Kubernetes — deployments, health & traffic

Core details

Pod = smallest schedulable unit (often one main container). Deployment = desired replica count + rolling update strategy.

Service = stable ClusterIP / DNS name load-balancing to ready pods.

Ingress (or Gateway API) = HTTP routing, TLS termination at edge.

Probes

Probe	Purpose
Liveness	restart if stuck (deadlock)—avoid too aggressive
Readiness	remove from Service endpoints while starting / draining
Startup (optional)	slow JVM/Node warm—don’t kill during boot

Resource requests/limits: CPU/memory — omit limits carelessly → noisy neighbor; wrong requests → scheduling surprises.

Problem this solves: keep a declared number of healthy workloads serving traffic while nodes, deploys, and individual pods change underneath the service.

Understanding

Rolling update: max unavailable / max surge trade availability vs speed. readiness must fail before SIGTERM on scale-down so in-flight drains.
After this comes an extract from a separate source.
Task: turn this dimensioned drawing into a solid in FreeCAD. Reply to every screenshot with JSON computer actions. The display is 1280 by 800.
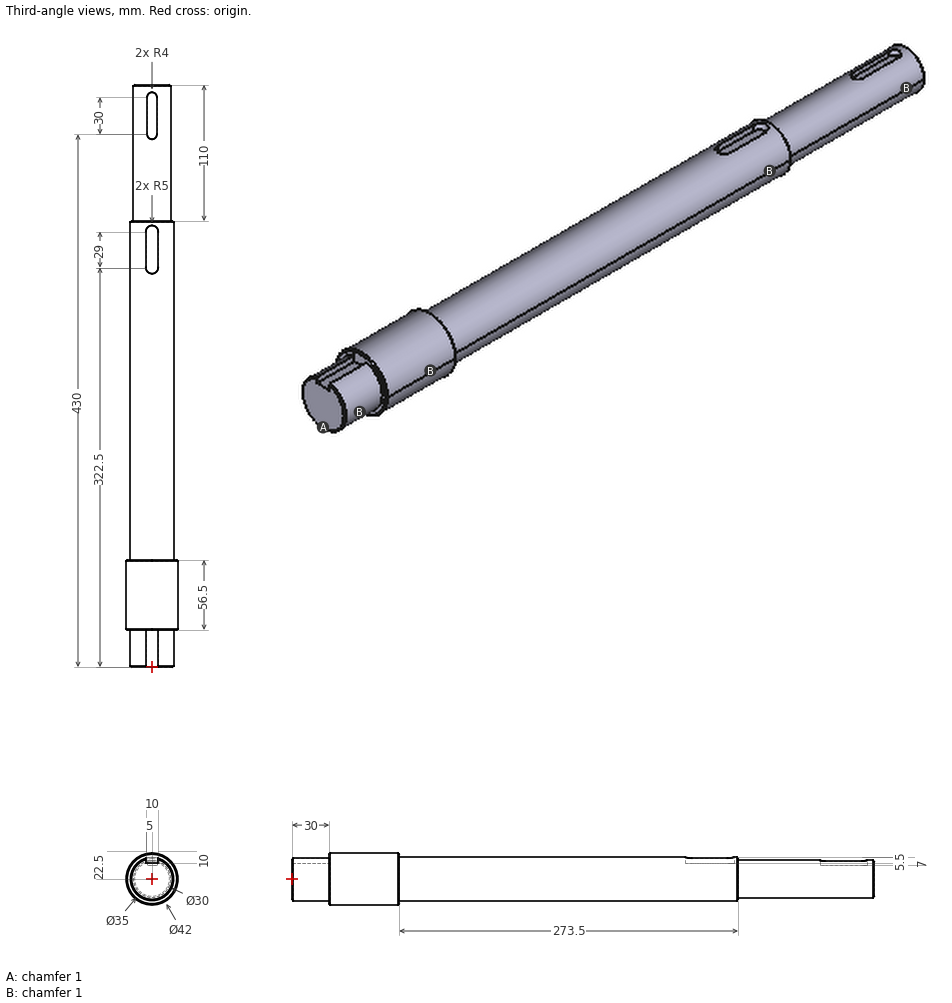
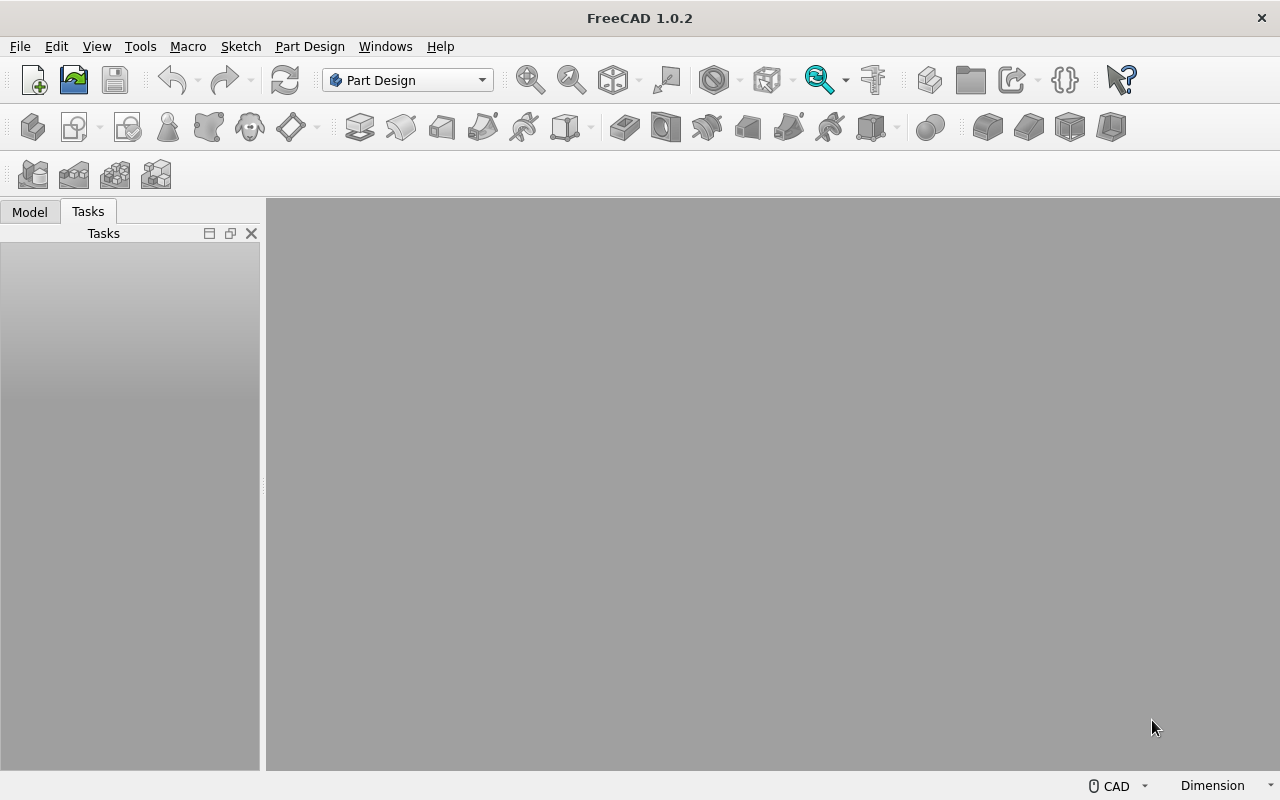
{"action": "key", "text": "ctrl+n"}

The visual model below is the boundary to keep in mind: the Deployment controller can create or remove pods at any time, but the Service should only route traffic to endpoints whose readiness probe says they are serving.

Kubernetes rollout and health gates: ingress and service route only to ready pod endpoints while the deployment controller, replica sets, startup probes, readiness probes, liveness probes, and SIGTERM draining control rollout behavior.

Traffic and shutdown workflow

New ReplicaSet creates pods for the new image.
Startup probe protects slow boot from premature liveness restarts.
Readiness passes only after the app can serve real requests.
Service endpoints include only ready pods.
On scale-down or rollout, SIGTERM starts graceful drain.
Readiness should fail quickly so load balancers stop sending new work.
terminationGracePeriodSeconds must exceed app drain plus keep-alive behavior.

This is why "the pod is running" is not the same as "the pod should get traffic."

Senior understanding

Link HPA (metrics: CPU, custom, external queue depth). NetworkPolicy for segmentation. Secrets via CSI / external vault—not plaintext in YAML in git.

Probe	Strong answer
"Why not check DB in liveness?"	A DB outage should not restart every healthy pod and amplify recovery
"HPA on CPU enough?"	Good for CPU-bound work; queues need lag/depth or request concurrency metrics
"What causes CrashLoopBackOff?"	bad config, missing secret, failing startup, process exit, liveness too strict
"How avoid dropped requests?"	readiness drain, SIGTERM handler, grace period, load balancer deregistration delay

Failure modes

Liveness probe hits /health that depends on Redis, causing restart storms during Redis incidents.
Readiness returns success before migrations/config/cache warmup are complete.
CPU request too low, so pods schedule densely and throttle under load.
No PodDisruptionBudget, so maintenance evicts too much capacity at once.
HPA scales on average CPU while one partition or tenant is hot.

Interview drill

Question: "A Kubernetes rollout caused intermittent 502s for two minutes. What is your triage path?"

Model answer structure:

Correlate 502s with deploy events, pod restarts, readiness transitions, and ingress/load-balancer logs.
Check whether new pods were marked ready before the app was actually serving.
Check shutdown: SIGTERM handler, grace period, keep-alive, and endpoint removal timing.
Inspect resource throttling, CrashLoopBackOff, image pull time, and dependency startup checks.
Fix the specific gate, then add a rollout metric guard so future canaries stop automatically.

Follow-ups to expect:

"How would you set maxSurge and maxUnavailable?"
"What should liveness and readiness each test?"
"When would you use EKS instead of ECS?"